This reorder is implicit in the design but was only made explicit 2026-04-21 after operator feedback. Phase 2 call sites MUST honour this ordering — an integration test in Phase 2 will fail any call site that skips update.

4.4 Call patterns

Backtest (monolith):

engine.bootstrap(full_ohlcv)            # O(T), once at init
for t in range(len(ohlcv)):
    row = features.iloc[t]              # already computed at bootstrap
    ...

Backtest (pipeline runner):

engine.bootstrap(full_ohlcv_up_to_test_start)   # same O(T) call
for t in test_range:
    row = engine.enrich_incremental(ohlcv.iloc[t])  # O(1) per candle
    ...

Because both paths share engine.bootstrap + update, the output at bar T is identical (P4).

Paper / live:

history = fetch_recent_candles(crypto, n=WARMUP_BARS)
engine.bootstrap(history)
while True:
    candle = await next_candle()
    row = engine.enrich_incremental(candle)
    ...

Same bootstrap + update.
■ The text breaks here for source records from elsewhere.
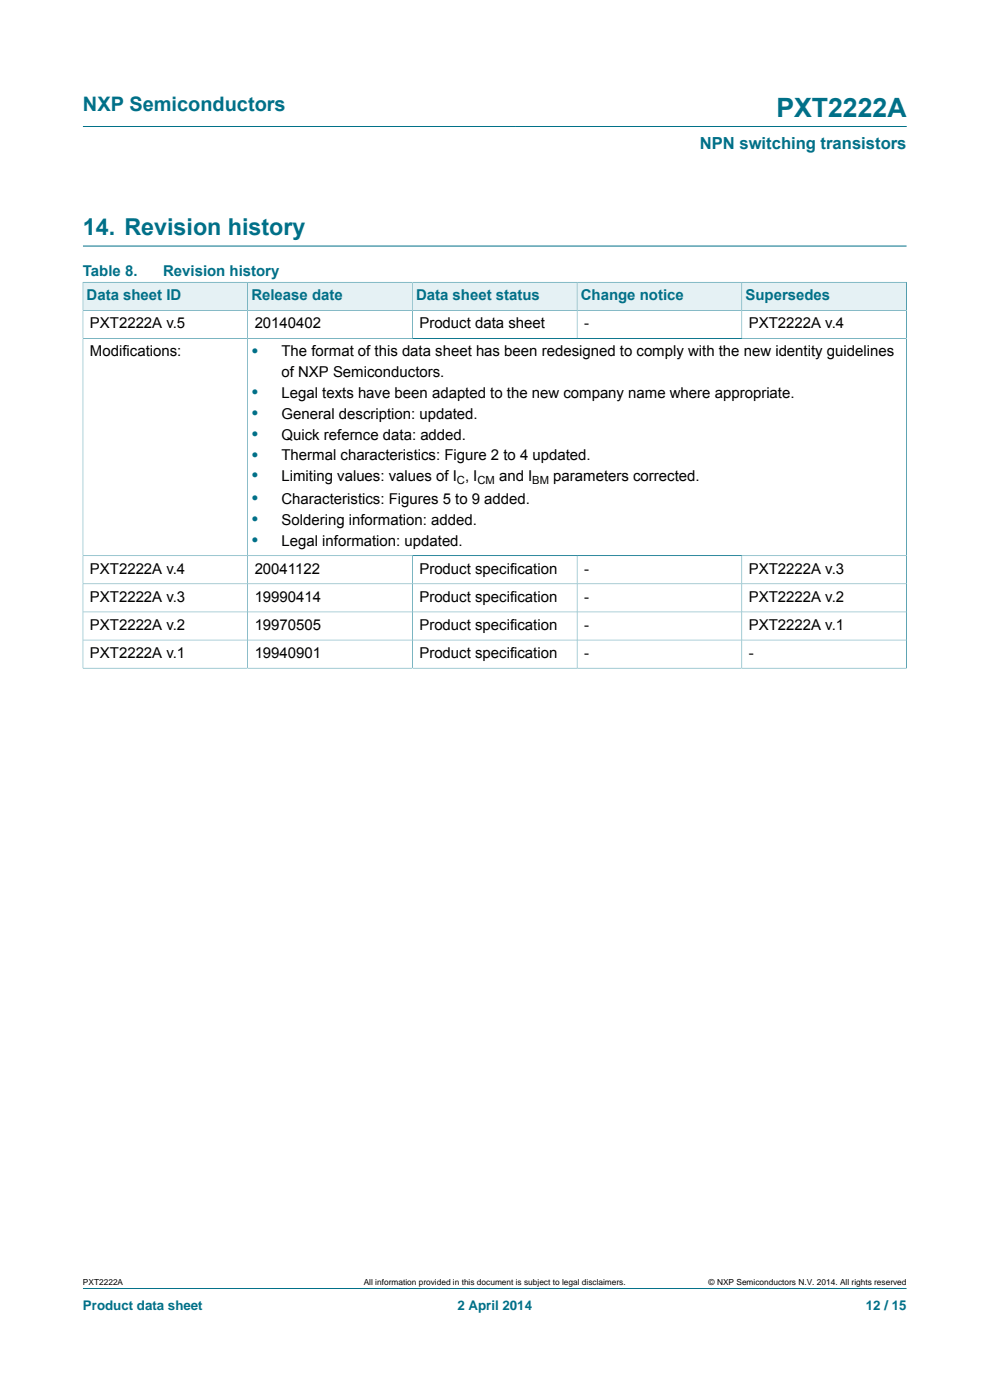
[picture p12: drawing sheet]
<svg xmlns="http://www.w3.org/2000/svg" width="210mm" height="297mm" viewBox="0 0 210 297" stroke-linecap="round" stroke-linejoin="round" font-family="sans-serif">
<defs><g id="words">
<text font-size="5.6" fill="#007088" x="164.7" y="24.8">PXT2222A</text>
<text font-size="4.9" fill="#007088" x="17.6" y="49.8">14. Revision history</text>
<g font-size="4.2" fill="#007088">
<text x="17.6" y="23.6">NXP Semiconductors</text>
<text x="53.3" y="75.9">•</text>
<text x="53.3" y="84.7">•</text>
<text x="53.3" y="89.1">•</text>
<text x="53.3" y="93.5">•</text>
<text x="53.3" y="97.9">•</text>
<text x="53.3" y="102.3">•</text>
<text x="53.3" y="107.2">•</text>
<text x="53.3" y="111.6">•</text>
<text x="53.3" y="116">•</text>
</g>
<text font-size="3.5" fill="#007088" x="148.4" y="31.7">NPN switching transistors</text>
<g font-size="3.2" fill="#007088">
<text x="17.6" y="58.5">Table 8.</text>
<text x="34.6" y="58.5">Revision history</text>
<text x="18.4" y="63.7">Data sheet ID</text>
<text x="53.3" y="63.7">Release date</text>
<text x="88.3" y="63.7">Data sheet status</text>
<text x="123.2" y="63.7">Change notice</text>
<text x="158.1" y="63.7">Supersedes</text>
</g>
<g font-size="3.2">
<text x="19.1" y="69.6">PXT2222A v.5</text>
<text x="54" y="69.6">20140402</text>
<text x="89" y="69.6">Product data sheet</text>
<text x="123.9" y="69.6">-</text>
<text x="158.8" y="69.6">PXT2222A v.4</text>
<text x="19.1" y="75.6">Modifications:</text>
<text x="59.7" y="75.6">The format of this data sheet has been redesigned to comply with the new identity guidelines</text>
<text x="59.7" y="80">of NXP Semiconductors.</text>
<text x="59.7" y="84.4">Legal texts have been adapted to the new company name where appropriate.</text>
<text x="59.7" y="88.8">General description: updated.</text>
<text x="59.7" y="93.2">Quick refernce data: added.</text>
<text x="59.7" y="97.6">Thermal characteristics: Figure 2 to 4 updated.</text>
<text x="59.7" y="102.1">Limiting values: values of I , I</text>
<text x="59.7" y="106.9">Characteristics: Figures 5 to 9 added.</text>
<text x="105.9" y="102.1">and I</text>
<text x="117.4" y="102.1">parameters corrected.</text>
<text x="59.7" y="111.3">Soldering information: added.</text>
<text x="59.7" y="115.7">Legal information: updated.</text>
<text x="19.1" y="121.7">PXT2222A v.4</text>
<text x="54" y="121.7">20041122</text>
<text x="89" y="121.7">Product specification</text>
<text x="123.9" y="121.7">-</text>
<text x="158.8" y="121.7">PXT2222A v.3</text>
<text x="19.1" y="127.7">PXT2222A v.3</text>
<text x="54" y="127.7">19990414</text>
<text x="89" y="127.7">Product specification</text>
<text x="123.9" y="127.7">-</text>
<text x="158.8" y="127.7">PXT2222A v.2</text>
<text x="19.1" y="133.6">PXT2222A v.2</text>
<text x="54" y="133.6">19970505</text>
<text x="89" y="133.6">Product specification</text>
<text x="123.9" y="133.6">-</text>
<text x="158.8" y="133.6">PXT2222A v.1</text>
<text x="19.1" y="139.6">PXT2222A v.1</text>
<text x="54" y="139.6">19940901</text>
<text x="89" y="139.6">Product specification</text>
<text x="123.9" y="139.6">-</text>
<text x="158.8" y="139.6">-</text>
</g>
<g font-size="2.8" fill="#007088">
<text x="17.6" y="277.9">Product data sheet</text>
<text x="97" y="277.9">2 April 2014</text>
<text x="183.7" y="277.9">12 / 15</text>
</g>
<g font-size="2.4">
<text x="96.9" y="102.7">C</text>
<text x="101.3" y="102.7">CM</text>
<text x="112.9" y="102.7">BM</text>
</g>
<g font-size="1.8">
<text x="17.6" y="272.7">PXT2222A</text>
<text x="77.2" y="272.7">All information provided in this document is subject to legal disclaimers.</text>
<text x="150.3" y="272.7">© NXP Semiconductors N.V. 2014. All rights reserved</text>
</g>
</g></defs>
<path d="M17.6 26.8h174.7M17.6 52.2h174.7M17.6 273.3h174.7" fill="none" stroke="#007088" stroke-width=".21"/>
<path d="M17.7 59.9h34.8v5.9h-34.8z" fill="#e5f1f4"/>
<path d="M17.6 59.8v6h34.9v-5.9h-35" fill="none" stroke="#007088" stroke-width=".21"/>
<path d="M52.6 59.9h34.8v5.9h-34.8z" fill="#e5f1f4"/>
<path d="M52.5 59.9h35v5.9h-35z" fill="none" stroke="#007088" stroke-width=".21"/>
<path d="M87.6 59.9h34.7v5.9h-34.7z" fill="#e5f1f4"/>
<path d="M87.5 59.9h34.9v5.9h-34.9z" fill="none" stroke="#007088" stroke-width=".21"/>
<path d="M122.5 59.9h34.8v5.9h-34.8z" fill="#e5f1f4"/>
<path d="M122.4 59.9h35v5.9h-35z" fill="none" stroke="#007088" stroke-width=".21"/>
<path d="M157.4 59.9h34.8v5.9h-34.8z" fill="#e5f1f4"/>
<g fill="none" stroke="#007088" stroke-width=".21">
<path d="M192.3 59.8v82M192.4 59.9h-35v11.9M17.6 71.8h174.7M52.5 65.8v75.9M87.5 65.8v6M122.4 65.8v6M192.3 65.8h-174.7v76M17.6 117.9h174.7M87.5 117.9v23.8M122.4 117.9v23.8M157.4 117.9v23.8M17.6 123.9h174.7"/>
<path d="M17.6 129.8h174.7M17.6 135.8h174.7M17.5 141.7h174.9"/>
</g>
<use href="#words"/>
</svg>

WARMUP_BARS is chosen per indicator analysis (§5.4) to guarantee convergence.


5. Scope

5.1 In scope

  • CVNTrade_Enrich (tech indicators) → port every indicator to the Indicator contract
  • CVNTrade_XGBoostFeatureGenerator (xgb_* features) → same
  • EnrichmentAPI refactor (facade + state management)
  • Pipeline runner's EnrichmentStep → bootstrap + incremental
  • Monolith backtest engine → bootstrap + iloc lookup (unchanged externally, cleaner internally)
  • PR #609 xfail test → passes after refactor
  • New tests: per-indicator bootstrap/update parity, full-pipeline parity on real OHLCV, paper/live replay determinism

5.2 Out of scope (later, separate issues)

  • State persistence in MLflow (P6) — §11 open question
  • Paper/live warmup-during-gap strategy — separate operational issue
  • Performance optimisation past the "correct" baseline — measure first
  • Other pipeline stages (FE, inference, filters, signal manager) — same principle applies but each deserves its own design
  • Removing the monolith backtest engine entirely (#568) — separate track

5.3 Explicitly not changing

  • Public signature of EnrichmentAPI.enrich_batch — backward compatible
  • Output DataFrame shape — same columns, same order
  • Downstream consumers (FE pipeline, inference) — they see the same rows
  • MLflow model artifact layout — unchanged

6. Rollout plan

Phase 0 — Inventory (2–3 days, senior engineering time required — committee rec. 13)

  • Enumerate every column produced by today's CVNTrade_Enrich and CVNTrade_XGBoostFeatureGenerator
  • For each, classify: simple recursive / ring buffer / multi-tf / custom / trivially stateless
  • For every custom xgb_* feature: confirm whether the current computation is genuinely incremental-compatible, approximate, or inherently batch (if any). Flag the inherently-batch cases as blockers for a scope re-scoping discussion before Phase 2 starts.
  • Determine WARMUP_BARS per indicator class (for §9 runtime validation)
  • Output: a spreadsheet (committed to documentation/architecture/ENRICHMENT_INDICATORS.md) that the implementation team ticks off as each indicator is ported

Phase 1 — Core engine ✅ DONE 2026-04-21

  • EnrichmentState dataclass — pure functional, set() returns new instance
  • Indicator Protocol — bootstrap_state / update / emit separated (v4 contract)
  • StatefulEnricher engine — register, bootstrap, update, emit, bootstrap_and_emit_all
  • EMA stub indicator — textbook recurrence, parity with pd.Series.ewm at atol=1e-12
  • Parity harness — assert_indicator_parity helper, reusable one-liner per feature for Phase 2
  • EnrichmentAPI facade flag dispatch — CVN_ENRICHMENT_STATEFUL_ENABLED ∈ {0, shadow, 1} ; 0 legacy zero-cost, shadow runs both and logs divergences, 1 reserved for Phase 3 (raises in Phase 1)
  • Shadow-comparison harness (§P7) — structured log events (enrichment_shadow_divergence, _ok, _no_overlap, _budget_exceeded), per-call divergence budget enforcement, defensive exception catching so shadow failures never take down a run
  • 63/63 tests green (engine, EMA parity, shadow harness, facade dispatch ; original 57 + 6 added during CR rounds 1-2)
  • Zero behaviour change in default mode — legacy path pixel-identical

Files shipped: - src/commun/pipeline/enrichment/{state,protocol,engine,shadow}.py - src/commun/pipeline/enrichment/indicators/ema.py - tests/unit/pipeline/enrichment/{test_engine,test_ema,test_shadow,test_facade_dispatch}.py - tests/unit/pipeline/enrichment/parity_harness.py - src/commun/pipeline/enrichment_api.py (facade hook added)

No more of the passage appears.